U.S. Pat. No. 3,130,953 to Carpenter describes a tension sleeve that includes inwardly directed longitudinal keys provided at one edge of the split. (During rotation, this longitudinal key engages a groove in the rotary valve body to pull the sleeve around together with the rotary valve body) and depends on the particular relative position of the ports on the sleeve. . Thus, the edge of the sleeve with the key adjacent to the split is described as the leading edge, the opposite edge of the sleeve adjacent to the split is described as the trailing edge, and the port is located at the trailing edge. is located in close proximity to the key but far away from the leading edge, thereby reducing any negative impact on the sealing effect that may be due to tension on the key. The key is radial in order to prevent the leading edge of the sleeve from coupling with the rotating bore of the sleeve, yet the ports located near the trailing edge must maintain sealing pressure. is slightly inclined to the

U.S. Patent No. 4, issued to Hansen.
No. 494.500 describes a rotary valve assembly for an internal combustion engine having a rotary valve body surrounded by a cylindrical member preferably made of ceramic material. Because the cylindrical member is relatively thick and rigid, and because the cylindrical member has an unbroken but constant lateral movement along its length, the gas pressure within the combustion chamber acts to move the cylinder laterally; This seals the surface near the boat with the rotating bore of the cylindrical member. The universal joint allows eccentric drive of the rotary valve assembly. The rotary valve body is rotatably driven by a longitudinally oriented key located diametrically opposite a boat extending along the length of the rotary valve body and communicating periodically with the intake and exhaust passages of the engine. to the cylindrical sealing sleeve.

U.S. Patent Nos. 3.130.953 and 4,494.50
In both cases of No. 0, the rotary valve body is surrounded by a split sleeve or a cylindrical member, and the split sleeve shields the inner wall of the cylindrical member over its entire length in the longitudinal direction so that the split sleeve or cylindrical member is not exposed to the combustion chamber. That's what I do.

q amount per plate! It is an object of the present invention to provide a rotary valve assembly in which the sealing sleeve is exposed to the combustion chamber and thus directly exposed to the thermal pressures generated during engine operation.
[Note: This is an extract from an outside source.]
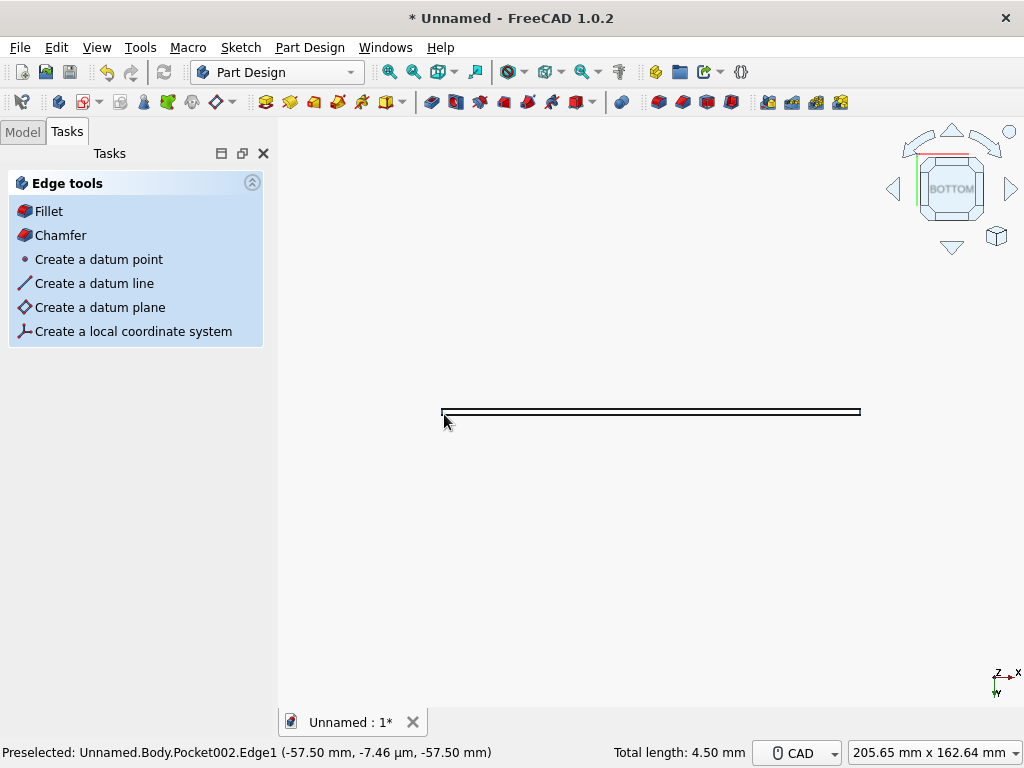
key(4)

The metal sleeve of this structure can provide very effective cooling, thereby allowing high compression ratios giving thermal efficiency, as well as turbocharging or Enables supercharging.

Another purpose of creating such low temperatures is to reduce undesirable emissions including nitrogen oxides and lead compounds.
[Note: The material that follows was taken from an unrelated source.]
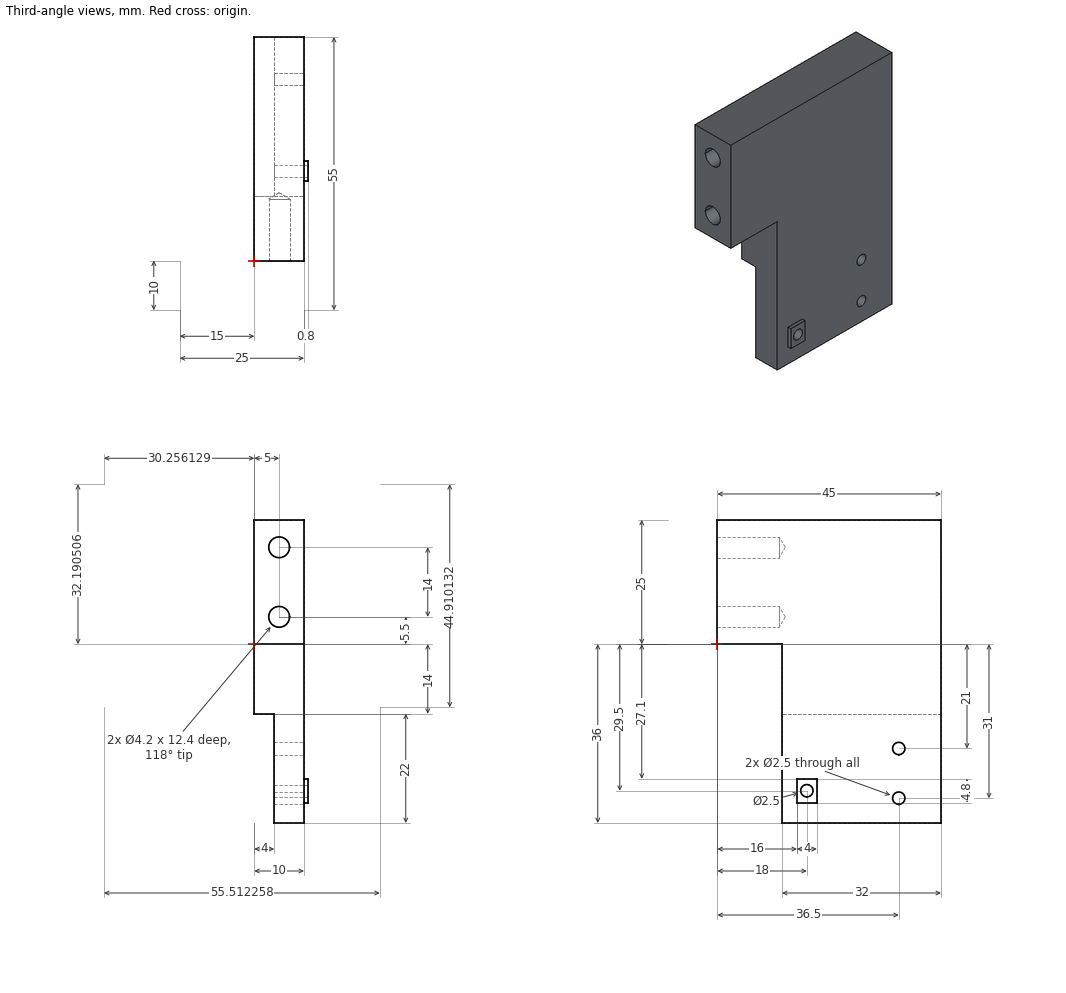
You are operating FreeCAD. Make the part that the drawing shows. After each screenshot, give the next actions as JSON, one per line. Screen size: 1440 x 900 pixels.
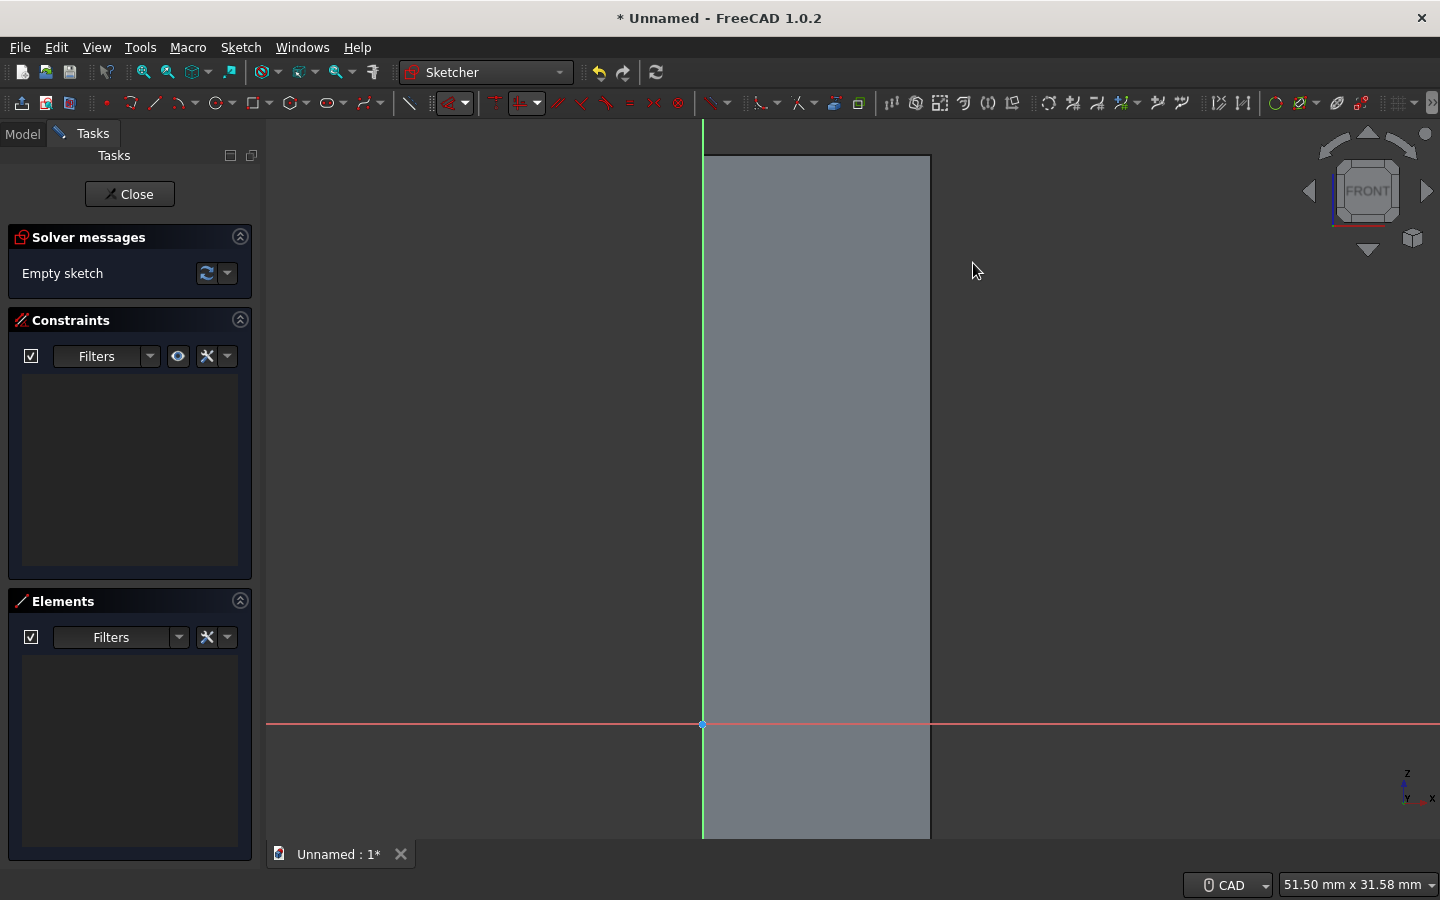
{"action": "left_click", "coordinate": [216, 104]}

Another object of the invention is to provide such a sealing sleeve which can alternatively be made of a ceramic material suitable for very high temperature combustion in diesel cycles.

Another object of the present invention is to provide a rotary valve assembly in which a replaceable compression element can be received within the bore of the rotary sealing sleeve to adjust the compression ratio of an individual engine. There is a particular thing.

Another object of the invention is to provide a rotary sealing sleeve of the type in which the split portion of the sleeve extends over its entire length and is located directly above the boat provided in the sleeve.

A final object of the invention is to provide a mechanism for rotationally driving such a sleeve from the upper end of the sleeve, which maintains the sealing action of the sleeve.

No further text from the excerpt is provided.